Print every entry, word for word, and skip the images.
++++++++
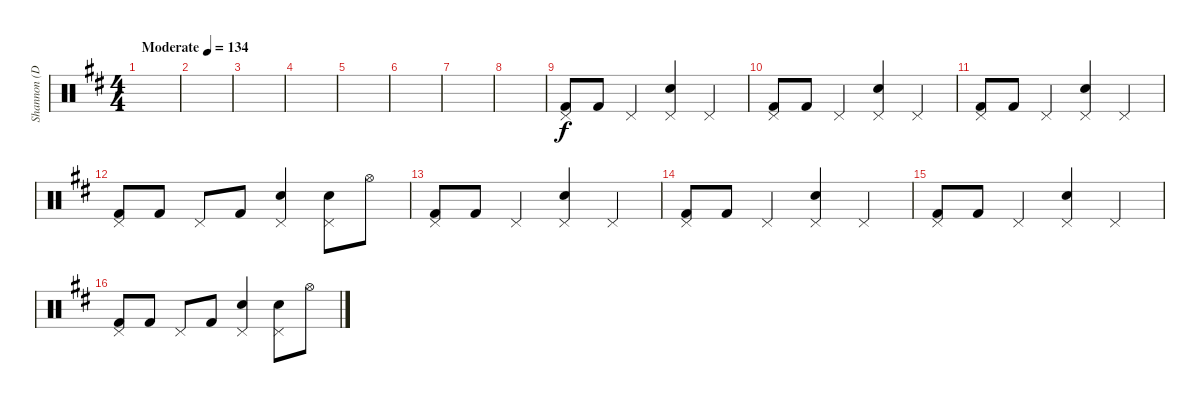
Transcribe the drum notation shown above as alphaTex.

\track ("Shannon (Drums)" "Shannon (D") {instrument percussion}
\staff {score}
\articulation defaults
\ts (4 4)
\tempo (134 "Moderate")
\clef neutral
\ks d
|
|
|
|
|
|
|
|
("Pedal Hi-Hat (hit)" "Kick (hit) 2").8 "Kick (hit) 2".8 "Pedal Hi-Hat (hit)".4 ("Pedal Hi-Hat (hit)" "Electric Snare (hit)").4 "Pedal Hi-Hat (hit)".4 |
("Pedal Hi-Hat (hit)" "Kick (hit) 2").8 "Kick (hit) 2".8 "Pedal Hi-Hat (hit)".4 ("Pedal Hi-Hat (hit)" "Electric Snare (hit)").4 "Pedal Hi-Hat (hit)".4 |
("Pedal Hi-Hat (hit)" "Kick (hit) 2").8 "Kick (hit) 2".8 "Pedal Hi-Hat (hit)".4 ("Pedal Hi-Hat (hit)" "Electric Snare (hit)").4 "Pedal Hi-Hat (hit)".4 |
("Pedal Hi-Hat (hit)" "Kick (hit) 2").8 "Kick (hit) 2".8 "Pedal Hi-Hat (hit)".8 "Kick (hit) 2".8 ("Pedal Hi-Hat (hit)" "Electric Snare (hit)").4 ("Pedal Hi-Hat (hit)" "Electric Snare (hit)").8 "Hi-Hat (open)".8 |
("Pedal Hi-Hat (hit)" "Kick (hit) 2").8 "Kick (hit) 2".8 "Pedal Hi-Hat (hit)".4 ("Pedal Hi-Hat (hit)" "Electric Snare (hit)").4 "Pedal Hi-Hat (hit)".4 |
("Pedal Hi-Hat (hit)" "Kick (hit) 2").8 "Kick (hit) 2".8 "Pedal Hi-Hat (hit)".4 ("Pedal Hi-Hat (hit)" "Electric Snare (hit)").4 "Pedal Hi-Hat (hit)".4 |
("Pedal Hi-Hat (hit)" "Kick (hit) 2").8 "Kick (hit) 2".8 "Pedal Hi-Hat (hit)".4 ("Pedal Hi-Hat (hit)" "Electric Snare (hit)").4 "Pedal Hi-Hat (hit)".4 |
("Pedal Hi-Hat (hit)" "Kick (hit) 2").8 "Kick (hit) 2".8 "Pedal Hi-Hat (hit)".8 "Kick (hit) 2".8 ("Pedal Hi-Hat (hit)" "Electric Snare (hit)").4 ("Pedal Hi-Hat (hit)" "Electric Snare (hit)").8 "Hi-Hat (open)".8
++++++++
> ANSWER TO THIS PROBLEM:
Transcribe the drum notation shown above as alphaTex.

\track ("Shannon (Drums)" "Shannon (D") {instrument percussion}
\staff {score}
\articulation defaults
\ts (4 4)
\tempo (134 "Moderate")
\clef neutral
\ks d
|
|
|
|
|
|
|
|
("Pedal Hi-Hat (hit)" "Kick (hit) 2").8 "Kick (hit) 2".8 "Pedal Hi-Hat (hit)".4 ("Pedal Hi-Hat (hit)" "Electric Snare (hit)").4 "Pedal Hi-Hat (hit)".4 |
("Pedal Hi-Hat (hit)" "Kick (hit) 2").8 "Kick (hit) 2".8 "Pedal Hi-Hat (hit)".4 ("Pedal Hi-Hat (hit)" "Electric Snare (hit)").4 "Pedal Hi-Hat (hit)".4 |
("Pedal Hi-Hat (hit)" "Kick (hit) 2").8 "Kick (hit) 2".8 "Pedal Hi-Hat (hit)".4 ("Pedal Hi-Hat (hit)" "Electric Snare (hit)").4 "Pedal Hi-Hat (hit)".4 |
("Pedal Hi-Hat (hit)" "Kick (hit) 2").8 "Kick (hit) 2".8 "Pedal Hi-Hat (hit)".8 "Kick (hit) 2".8 ("Pedal Hi-Hat (hit)" "Electric Snare (hit)").4 ("Pedal Hi-Hat (hit)" "Electric Snare (hit)").8 "Hi-Hat (open)".8 |
("Pedal Hi-Hat (hit)" "Kick (hit) 2").8 "Kick (hit) 2".8 "Pedal Hi-Hat (hit)".4 ("Pedal Hi-Hat (hit)" "Electric Snare (hit)").4 "Pedal Hi-Hat (hit)".4 |
("Pedal Hi-Hat (hit)" "Kick (hit) 2").8 "Kick (hit) 2".8 "Pedal Hi-Hat (hit)".4 ("Pedal Hi-Hat (hit)" "Electric Snare (hit)").4 "Pedal Hi-Hat (hit)".4 |
("Pedal Hi-Hat (hit)" "Kick (hit) 2").8 "Kick (hit) 2".8 "Pedal Hi-Hat (hit)".4 ("Pedal Hi-Hat (hit)" "Electric Snare (hit)").4 "Pedal Hi-Hat (hit)".4 |
("Pedal Hi-Hat (hit)" "Kick (hit) 2").8 "Kick (hit) 2".8 "Pedal Hi-Hat (hit)".8 "Kick (hit) 2".8 ("Pedal Hi-Hat (hit)" "Electric Snare (hit)").4 ("Pedal Hi-Hat (hit)" "Electric Snare (hit)").8 "Hi-Hat (open)".8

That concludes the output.